Vulnerabilities

The Vulnerabilities area is your coordinated vulnerability disclosure (CVD) workspace. It's where security weaknesses reported about your products or services are collected, triaged, and tracked all the way through to fix and disclosure. Reports submitted through your CVD portal — cvd.application.alxias.se — land here, and you can also log issues your own team discovers.

The page has two panes: a report list on the left and a detail pane on the right. When you have reports, you select one on the left to review and manage it on the right.

Tip: If your company hasn't received any reports yet, the list will be empty and the right pane will simply prompt you to "Select a report". That's normal — the list fills in as reports arrive.

Open the vulnerability register

1. In the left sidebar, under the Global group, click Vulnerabilities.
2. The register opens with the report list on the left and a "Select a report" prompt on the right.
3. If your company has received reports, they appear in the left-hand list. Click any one to load its details on the right.
4. If there are no reports yet, you'll see the empty-state message: "No reports yet — Vulnerability reports submitted via the CVD portal will appear here", along with a "0 reports" counter.
5. Click Refresh at any time to pull in newly submitted reports.

Filter reports by status

1. Click the Status button at the top of the list pane to open the filter menu.
2. Choose a stage to show only reports at that point in their lifecycle:
   • All statuses (the default — shows everything)
   • Received
   • Triaged
   • Fix in progress
   • Fix shipped
   • Disclosed
3. Keep All statuses selected to see every report regardless of stage.
4. To narrow the list by keyword, type in the Search reports… box.

Tip: Combine the status filter with the search box to quickly find, for example, a "Fix in progress" report on a specific component.

Log an internally discovered vulnerability

Use this when your own team finds a weakness rather than receiving it through the CVD portal. An internally discovered vulnerability enters the queue as an internal report and is not subject to the external disclosure deadline.

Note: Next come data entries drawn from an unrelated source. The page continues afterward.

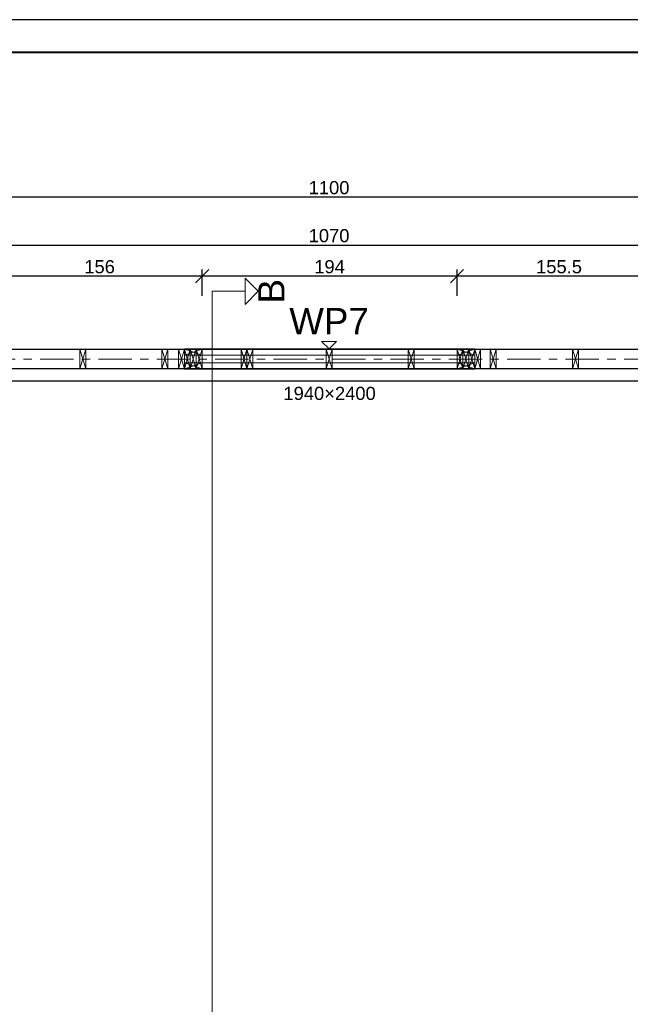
# Model space of a CAD drawing. Header units: centimetres. Extents: x 30569 to 37228, y -36705 to -28476.
# Tile 22 of 29: x 31272 to 31737, y -30922 to -30173. Entities that reach past the tile are written whole.
import ezdxf
from ezdxf.enums import TextEntityAlignment as Align

# ---------------------------------------------------------------- set-up
doc = ezdxf.new("R2010")
doc.units = ezdxf.units.CM
doc.linetypes.add('Linia siatki', pattern=[2.2225, 1.27, -0.3175, 0.3175, -0.3175])
for name, color, linetype in [('A4', 3, 'Continuous'), ('cienka', 1, 'Continuous'), ('konstrukcja', 2, 'Continuous'), ('opis', 1, 'Continuous'), ('Standard', 7, 'Continuous'), ('Wymiary', 1, 'Continuous')]:
    doc.layers.add(name, color=color, linetype=linetype)
doc.layers.add('ramka', color=3, linetype='Continuous', lineweight=40)
doc.layers.add('S-GRID', color=7, linetype='Continuous', lineweight=5)
doc.styles.add('Arial_PMR', font='arial.ttf')
doc.styles.get("Standard").update_dxf_attribs({"font": 'arial.ttf'})
doc.dimstyles.new('wymiar', dxfattribs={"dimtxt": 10, "dimasz": 10, "dimexe": 5, "dimexo": 5, "dimgap": 2, "dimtad": 1, "dimtoh": 1, "dimdec": 0, "dimzin": 0, "dimdsep": 46, "dimtxsty": 'Standard', "dimblk": 'OBLIQUE', "dimcen": 0.09, "dimdle": 5, "dimadec": 1, "dimazin": 0, "dimtfac": 1, "dimtdec": 4, "dimtofl": 0, "dimtmove": 0, "dimatfit": 3, "dimfxl": 15, "dimfxlon": 1, "dimtolj": 1, "dimtzin": 0, "dimarcsym": 0})

# ---------------------------------------------------------------- blocks, each defined once
blk = doc.blocks.new('G$C6D5DEF1F')
at = {"layer": 'S-GRID', "color": 9, "linetype": 'Linia siatki', "ltscale": 20, "true_color": 0xc0c0c0}
blk.add_line((66.7, 1008.6), (1474.79, 1008.6), dxfattribs=at)
blk = doc.blocks.new('_OBLIQUE')
at = {"color": 0, "linetype": 'ByBlock'}
blk.add_line((-0.5, -0.5), (0.5, 0.5), dxfattribs=at)
blk = doc.blocks.new('*D100')
at = {"layer": 'Defpoints', "color": 0, "transparency": 16777216}
for p in [(32042.88, -30344.1), (30972.98, -30423.3), (32042.88, -30423.3)]:
    blk.add_point(p, dxfattribs=at)
at = {"layer": 'Wymiary', "color": 0, "lineweight": -2, "transparency": 16777216}
for p, q in [((30972.98, -30359.1), (30972.98, -30339.1)), ((32042.88, -30359.1), (32042.88, -30339.1)), ((30967.98, -30344.1), (32047.88, -30344.1))]:
    blk.add_line(p, q, dxfattribs=at)
at = {"layer": 'Wymiary', "color": 0, "linetype": 'ByBlock', "lineweight": -2, "transparency": 16777216, "xscale": 10, "yscale": 10, "zscale": 10, "rotation": 180}
blk.add_blockref('_OBLIQUE', (30972.98, -30344.1), dxfattribs=at)
at = {"layer": 'Wymiary', "color": 0, "linetype": 'ByBlock', "lineweight": -2, "transparency": 16777216, "xscale": 10, "yscale": 10, "zscale": 10}
blk.add_blockref('_OBLIQUE', (32042.88, -30344.1), dxfattribs=at)
at = {"layer": 'Wymiary', "color": 0, "transparency": 16777216, "insert": (31507.93, -30337), "char_height": 10, "attachment_point": 5}
blk.add_mtext('\\A1;1070', dxfattribs=at)
blk = doc.blocks.new('*D103')
at = {"layer": 'Defpoints', "color": 0, "transparency": 16777216}
for p in [(30957.98, -30307.59), (30957.98, -30423.3), (32057.88, -30423.3)]:
    blk.add_point(p, dxfattribs=at)
at = {"layer": 'Wymiary', "color": 0, "lineweight": -2, "transparency": 16777216}
for p, q in [((30957.98, -30322.59), (30957.98, -30302.59)), ((32057.88, -30322.59), (32057.88, -30302.59)), ((32062.88, -30307.59), (30952.98, -30307.59))]:
    blk.add_line(p, q, dxfattribs=at)
at = {"layer": 'Wymiary', "color": 0, "linetype": 'ByBlock', "lineweight": -2, "transparency": 16777216, "xscale": 10, "yscale": 10, "zscale": 10, "rotation": 180}
blk.add_blockref('_OBLIQUE', (30957.98, -30307.59), dxfattribs=at)
at = {"layer": 'Wymiary', "color": 0, "linetype": 'ByBlock', "lineweight": -2, "transparency": 16777216, "xscale": 10, "yscale": 10, "zscale": 10}
blk.add_blockref('_OBLIQUE', (32057.88, -30307.59), dxfattribs=at)
at = {"layer": 'Wymiary', "color": 0, "transparency": 16777216, "insert": (31507.93, -30300.48), "char_height": 10, "attachment_point": 5}
blk.add_mtext('\\A1;1100', dxfattribs=at)
blk = doc.blocks.new('*D106')
at = {"layer": 'Defpoints', "color": 0, "transparency": 16777216}
for p in [(31605.33, -30367.73), (31605.33, -30423.3), (31760.63, -30423.3)]:
    blk.add_point(p, dxfattribs=at)
at = {"layer": 'Wymiary', "color": 0, "lineweight": -2, "transparency": 16777216}
for p, q in [((31605.33, -30382.73), (31605.33, -30362.73)), ((31760.63, -30382.73), (31760.63, -30362.73)), ((31765.63, -30367.73), (31600.33, -30367.73))]:
    blk.add_line(p, q, dxfattribs=at)
at = {"layer": 'Wymiary', "color": 0, "linetype": 'ByBlock', "lineweight": -2, "transparency": 16777216, "xscale": 10, "yscale": 10, "zscale": 10, "rotation": 180}
blk.add_blockref('_OBLIQUE', (31605.33, -30367.73), dxfattribs=at)
at = {"layer": 'Wymiary', "color": 0, "linetype": 'ByBlock', "lineweight": -2, "transparency": 16777216, "xscale": 10, "yscale": 10, "zscale": 10}
blk.add_blockref('_OBLIQUE', (31760.63, -30367.73), dxfattribs=at)
at = {"layer": 'Wymiary', "color": 0, "transparency": 16777216, "insert": (31682.98, -30360.62), "char_height": 10, "attachment_point": 5}
blk.add_mtext('\\A1;155.5', dxfattribs=at)
blk = doc.blocks.new('*D107')
at = {"layer": 'Defpoints', "color": 0, "transparency": 16777216}
for p in [(31411.33, -30367.73), (31411.33, -30423.3), (31605.33, -30423.3)]:
    blk.add_point(p, dxfattribs=at)
at = {"layer": 'Wymiary', "color": 0, "lineweight": -2, "transparency": 16777216}
for p, q in [((31411.33, -30382.73), (31411.33, -30362.73)), ((31605.33, -30382.73), (31605.33, -30362.73)), ((31610.33, -30367.73), (31406.33, -30367.73))]:
    blk.add_line(p, q, dxfattribs=at)
at = {"layer": 'Wymiary', "color": 0, "linetype": 'ByBlock', "lineweight": -2, "transparency": 16777216, "xscale": 10, "yscale": 10, "zscale": 10, "rotation": 180}
blk.add_blockref('_OBLIQUE', (31411.33, -30367.73), dxfattribs=at)
at = {"layer": 'Wymiary', "color": 0, "linetype": 'ByBlock', "lineweight": -2, "transparency": 16777216, "xscale": 10, "yscale": 10, "zscale": 10}
blk.add_blockref('_OBLIQUE', (31605.33, -30367.73), dxfattribs=at)
at = {"layer": 'Wymiary', "color": 0, "transparency": 16777216, "insert": (31508.33, -30360.62), "char_height": 10, "attachment_point": 5}
blk.add_mtext('\\A1;194', dxfattribs=at)
blk = doc.blocks.new('*D108')
at = {"layer": 'Defpoints', "color": 0, "transparency": 16777216}
for p in [(31255.23, -30367.73), (31255.23, -30423.3), (31411.33, -30423.3)]:
    blk.add_point(p, dxfattribs=at)
at = {"layer": 'Wymiary', "color": 0, "lineweight": -2, "transparency": 16777216}
for p, q in [((31255.23, -30382.73), (31255.23, -30362.73)), ((31411.33, -30382.73), (31411.33, -30362.73)), ((31416.33, -30367.73), (31250.23, -30367.73))]:
    blk.add_line(p, q, dxfattribs=at)
at = {"layer": 'Wymiary', "color": 0, "linetype": 'ByBlock', "lineweight": -2, "transparency": 16777216, "xscale": 10, "yscale": 10, "zscale": 10, "rotation": 180}
blk.add_blockref('_OBLIQUE', (31255.23, -30367.73), dxfattribs=at)
at = {"layer": 'Wymiary', "color": 0, "linetype": 'ByBlock', "lineweight": -2, "transparency": 16777216, "xscale": 10, "yscale": 10, "zscale": 10}
blk.add_blockref('_OBLIQUE', (31411.33, -30367.73), dxfattribs=at)
at = {"layer": 'Wymiary', "color": 0, "transparency": 16777216, "insert": (31333.28, -30360.62), "char_height": 10, "attachment_point": 5}
blk.add_mtext('\\A1;156', dxfattribs=at)

msp = doc.modelspace()

# ---------------------------------------------------------------- linework, layer by layer
at = {"layer": 'Defpoints'}
msp.add_lwpolyline([(30568.77, -31657.65), (33168.77, -31657.65), (33168.77, -30172.65), (30568.77, -30172.65)], close=True, dxfattribs=at)
at = {"layer": 'ramka'}
msp.add_lwpolyline([(30718.77, -31632.65), (33143.77, -31632.65), (33143.77, -30197.65), (30718.77, -30197.65)], close=True, dxfattribs=at)

# ---------------------------------------------------------------- next in the draw order: block references
at = {"layer": 'Wymiary'}
msp.add_blockref('G$C6D5DEF1F', (30732.3, -31439.4), dxfattribs=at)

# ---------------------------------------------------------------- next in the draw order: linework, layer by layer
at = {"layer": 'cienka', "lineweight": 0}
for p, q in [((31444, -30389.25), (31444, -30369.25)), ((31444, -30369.25), (31454, -30379.25)), ((31419, -30379.25), (31419, -31260.25)), ((31419, -30379.25), (31444, -30379.25)), ((31454, -30379.25), (31444, -30389.25)), ((31318.18, -30438.3), (31318.18, -30423.3)), ((31322.68, -30423.3), (31318.18, -30438.3)), ((31322.68, -30438.3), (31318.18, -30423.3)), ((31322.68, -30423.3), (31322.68, -30438.3)), ((31380.68, -30438.3), (31380.68, -30423.3)), ((31385.18, -30423.3), (31380.68, -30438.3)), ((31385.18, -30438.3), (31380.68, -30423.3)), ((31385.18, -30423.3), (31385.18, -30438.3)), ((31393.33, -30438.3), (31393.33, -30423.3)), ((31397.83, -30423.3), (31393.33, -30438.3)), ((31397.83, -30438.3), (31393.33, -30423.3)), ((31397.83, -30423.3), (31397.83, -30438.3)), ((31397.83, -30423.3), (31397.83, -30427.8)), ((31397.83, -30438.3), (31397.83, -30423.3)), ((31402.33, -30423.3), (31397.83, -30438.3)), ((31402.33, -30438.3), (31397.83, -30423.3)), ((31397.83, -30423.3), (31397.83, -30427.8)), ((31411.33, -30423.3), (31397.83, -30427.8)), ((31397.83, -30423.3), (31411.33, -30427.8)), ((31402.33, -30438.3), (31402.33, -30423.3)), ((31406.83, -30423.3), (31402.33, -30438.3)), ((31406.83, -30438.3), (31402.33, -30423.3)), ((31402.33, -30423.3), (31402.33, -30438.3)), ((31402.33, -30438.3), (31402.33, -30423.3)), ((31402.33, -30423.3), (31402.33, -30438.3)), ((31406.83, -30438.3), (31406.83, -30423.3)), ((31411.33, -30423.3), (31406.83, -30438.3)), ((31411.33, -30438.3), (31406.83, -30423.3)), ((31406.83, -30423.3), (31406.83, -30438.3)), ((31406.83, -30438.3), (31406.83, -30423.3)), ((31406.83, -30423.3), (31406.83, -30438.3)), ((31411.33, -30427.8), (31411.33, -30423.3)), ((31440.93, -30438.3), (31440.93, -30423.3)), ((31445.43, -30423.3), (31440.93, -30438.3)), ((31445.43, -30438.3), (31440.93, -30423.3)), ((31445.43, -30438.3), (31445.43, -30423.3)), ((31449.93, -30423.3), (31445.43, -30438.3)), ((31449.93, -30438.3), (31445.43, -30423.3)), ((31445.43, -30423.3), (31445.43, -30438.3)), ((31445.43, -30438.3), (31445.43, -30423.3)), ((31445.43, -30423.3), (31445.43, -30438.3)), ((31449.93, -30423.3), (31449.93, -30438.3)), ((31505.68, -30438.3), (31505.68, -30423.3)), ((31510.18, -30423.3), (31505.68, -30438.3)), ((31510.18, -30438.3), (31505.68, -30423.3)), ((31510.18, -30423.3), (31510.18, -30438.3)), ((31568.18, -30438.3), (31568.18, -30423.3)), ((31572.68, -30423.3), (31568.18, -30438.3)), ((31572.68, -30438.3), (31568.18, -30423.3)), ((31572.68, -30423.3), (31572.68, -30438.3)), ((31609.83, -30423.3), (31605.33, -30438.3)), ((31609.83, -30438.3), (31605.33, -30423.3)), ((31605.33, -30423.3), (31605.33, -30427.8)), ((31618.83, -30423.3), (31605.33, -30427.8)), ((31605.33, -30423.3), (31618.83, -30427.8)), ((31609.83, -30438.3), (31609.83, -30423.3)), ((31614.33, -30423.3), (31609.83, -30438.3)), ((31614.33, -30438.3), (31609.83, -30423.3)), ((31609.83, -30423.3), (31609.83, -30438.3)), ((31609.83, -30438.3), (31609.83, -30423.3)), ((31609.83, -30423.3), (31609.83, -30438.3)), ((31614.33, -30438.3), (31614.33, -30423.3)), ((31618.83, -30423.3), (31614.33, -30438.3)), ((31618.83, -30438.3), (31614.33, -30423.3)), ((31614.33, -30423.3), (31614.33, -30438.3)), ((31614.33, -30438.3), (31614.33, -30423.3)), ((31614.33, -30423.3), (31614.33, -30438.3)), ((31618.83, -30438.3), (31618.83, -30423.3)), ((31623.33, -30423.3), (31618.83, -30438.3)), ((31623.33, -30438.3), (31618.83, -30423.3)), ((31618.83, -30427.8), (31618.83, -30423.3)), ((31618.83, -30423.3), (31618.83, -30438.3)), ((31618.83, -30427.8), (31618.83, -30423.3)), ((31623.33, -30423.3), (31623.33, -30438.3)), ((31630.68, -30438.3), (31630.68, -30423.3)), ((31635.18, -30423.3), (31630.68, -30438.3)), ((31635.18, -30438.3), (31630.68, -30423.3)), ((31635.18, -30423.3), (31635.18, -30438.3)), ((31693.18, -30438.3), (31693.18, -30423.3)), ((31697.68, -30423.3), (31693.18, -30438.3)), ((31697.68, -30438.3), (31693.18, -30423.3)), ((31697.68, -30423.3), (31697.68, -30438.3)), ((31397.83, -30427.8), (31618.83, -30427.8)), ((31397.83, -30427.8), (31411.33, -30427.8)), ((31605.33, -30427.8), (31618.83, -30427.8)), ((31618.83, -30433.8), (31397.83, -30433.8)), ((31397.83, -30433.8), (31397.83, -30438.3)), ((31411.33, -30433.8), (31397.83, -30433.8)), ((31397.83, -30433.8), (31397.83, -30438.3)), ((31411.33, -30433.8), (31397.83, -30438.3)), ((31397.83, -30433.8), (31411.33, -30438.3)), ((31411.33, -30438.3), (31411.33, -30433.8)), ((31618.83, -30433.8), (31605.33, -30433.8)), ((31605.33, -30433.8), (31605.33, -30438.3)), ((31618.83, -30433.8), (31605.33, -30438.3)), ((31605.33, -30433.8), (31618.83, -30438.3)), ((31618.83, -30438.3), (31618.83, -30433.8)), ((31618.83, -30438.3), (31618.83, -30433.8))]:
    msp.add_line(p, q, dxfattribs=at)
at = {"layer": 'konstrukcja'}
for p, q in [((30957.98, -30423.3), (32057.88, -30423.3)), ((31318.18, -30423.3), (31322.68, -30423.3)), ((31380.68, -30423.3), (31385.18, -30423.3)), ((31393.33, -30423.3), (31397.83, -30423.3)), ((31618.83, -30423.3), (31397.83, -30423.3)), ((31411.33, -30423.3), (31397.83, -30423.3)), ((31402.33, -30423.3), (31406.83, -30423.3)), ((31618.83, -30423.3), (31605.33, -30423.3)), ((31609.83, -30423.3), (31614.33, -30423.3)), ((31618.83, -30423.3), (31623.33, -30423.3)), ((31630.68, -30423.3), (31635.18, -30423.3)), ((31693.18, -30423.3), (31697.68, -30423.3)), ((32057.88, -30438.3), (30957.98, -30438.3)), ((31322.68, -30438.3), (31318.18, -30438.3)), ((31385.18, -30438.3), (31380.68, -30438.3)), ((31397.83, -30438.3), (31393.33, -30438.3)), ((31397.83, -30438.3), (31618.83, -30438.3)), ((31397.83, -30438.3), (31411.33, -30438.3)), ((31406.83, -30438.3), (31402.33, -30438.3)), ((31605.33, -30438.3), (31618.83, -30438.3)), ((31618.83, -30438.3), (31614.33, -30438.3)), ((31623.33, -30438.3), (31618.83, -30438.3)), ((31635.18, -30438.3), (31630.68, -30438.3)), ((31697.68, -30438.3), (31693.18, -30438.3))]:
    msp.add_line(p, q, dxfattribs=at)
for points in [[(30957.98, -30423.3), (32057.88, -30423.3), (32057.88, -31223.2), (31586.33, -31223.2), (31586.33, -31093.38), (31316.53, -31093.38), (31316.53, -31223.2), (30957.98, -31223.2)], [(30981.98, -30447.3), (32033.88, -30447.3), (32033.88, -31199.2), (31610.33, -31199.2), (31610.33, -31069.38), (31292.53, -31069.38), (31292.53, -31199.2), (30981.98, -31199.2)]]:
    msp.add_lwpolyline(points, close=True, dxfattribs=at)
at = {"layer": 'opis', "lineweight": 0}
for p, q in [((31507.93, -30423.05), (31502.27, -30417.39)), ((31502.27, -30417.39), (31513.59, -30417.39)), ((31513.59, -30417.39), (31507.93, -30423.05))]:
    msp.add_line(p, q, dxfattribs=at)
at = {"layer": 'Standard', "color": 8, "lineweight": 0}
for p, q in [((31397.83, -30423.3), (31402.33, -30423.3)), ((31406.83, -30423.3), (31411.33, -30423.3)), ((31411.33, -30423.3), (31411.33, -30438.3)), ((31605.33, -30438.3), (31605.33, -30423.3)), ((31605.33, -30423.3), (31609.83, -30423.3)), ((31614.33, -30423.3), (31618.83, -30423.3)), ((31402.33, -30438.3), (31397.83, -30438.3)), ((31411.33, -30438.3), (31406.83, -30438.3)), ((31609.83, -30438.3), (31605.33, -30438.3)), ((31614.33, -30438.3), (31609.83, -30438.3))]:
    msp.add_line(p, q, dxfattribs=at)
at = {"layer": 'Standard', "color": 254, "lineweight": 0}
for p, q in [((31605.33, -30423.3), (31411.33, -30423.3)), ((31411.33, -30423.3), (31411.33, -30438.3)), ((31605.33, -30438.3), (31605.33, -30423.3)), ((31411.33, -30438.3), (31605.33, -30438.3))]:
    msp.add_line(p, q, dxfattribs=at)
at = {"layer": 'Standard', "color": 94, "lineweight": 0}
for p, q in [((31605.33, -30423.3), (31411.33, -30423.3)), ((31411.33, -30423.3), (31411.33, -30438.3)), ((31605.33, -30438.3), (31605.33, -30423.3)), ((31411.33, -30438.3), (31605.33, -30438.3))]:
    msp.add_line(p, q, dxfattribs=at)
at = {"layer": 'Standard', "color": 0, "lineweight": 0}
for p, q in [((31440.93, -30423.3), (31445.43, -30423.3)), ((31445.43, -30423.3), (31449.93, -30423.3)), ((31452.48, -30423.3), (31447.98, -30423.3)), ((31505.68, -30423.3), (31510.18, -30423.3)), ((31568.18, -30423.3), (31572.68, -30423.3)), ((31445.43, -30438.3), (31440.93, -30438.3)), ((31447.98, -30438.3), (31452.48, -30438.3)), ((31510.18, -30438.3), (31505.68, -30438.3)), ((31572.68, -30438.3), (31568.18, -30438.3))]:
    msp.add_line(p, q, dxfattribs=at)

# ---------------------------------------------------------------- next in the draw order: texts
at = {"layer": 'A4', "style": 'Arial_PMR', "text_generation_flag": 6}
msp.add_text('B', height=20, rotation=270, dxfattribs=at).set_placement((31454, -30379.25), align=Align.TOP_CENTER)
at = {"layer": 'opis', "lineweight": 0, "style": 'Arial_PMR'}
msp.add_text('WP7', height=20, dxfattribs=at).set_placement((31507.93, -30417.95), align=Align.BOTTOM_CENTER)
msp.add_text('1940×2400', height=10, dxfattribs=at).set_placement((31508.33, -30451.92), align=Align.TOP_CENTER)

# ---------------------------------------------------------------- next in the draw order: dimensions: what is measured, and where the dimension line sits
at = {"layer": 'Wymiary'}
for base, p1, p2, picture, middle in [((30957.98, -30307.59), (32057.88, -30423.3), (30957.98, -30423.3), '*D103', (31507.93, -30300.48)), ((32042.88, -30344.1), (30972.98, -30423.3), (32042.88, -30423.3), '*D100', (31507.93, -30337)), ((31255.23, -30367.73), (31411.33, -30423.3), (31255.23, -30423.3), '*D108', (31333.28, -30360.62)), ((31411.33, -30367.73), (31605.33, -30423.3), (31411.33, -30423.3), '*D107', (31508.33, -30360.62)), ((31605.33, -30367.73), (31760.63, -30423.3), (31605.33, -30423.3), '*D106', (31682.98, -30360.62))]:
    dim = msp.add_linear_dim(base=base, p1=p1, p2=p2, dimstyle='wymiar', override={"dimdec": 1, "dimrnd": 0.5, "dimzin": 8, "dimtxsty": 'Standard', "dimtmove": 1}, dxfattribs=at)
    dim.commit()
    dim.dimension.update_dxf_attribs({"geometry": picture, "text_midpoint": middle})

doc.saveas('drawing.dxf')

1. Click the Report button at the top of the list pane to open the "Report a vulnerability" dialog.
2. Enter a clear Title that names the issue.
3. Write a Description explaining the weakness.
4. Set the Severity (it defaults to Medium).
5. Fill in the Affected component and Affected versions if you know them.
6. Click Report vulnerability to add the entry to the queue, or Cancel to close without saving.
7. The new entry then appears in the list, where you can triage and track it.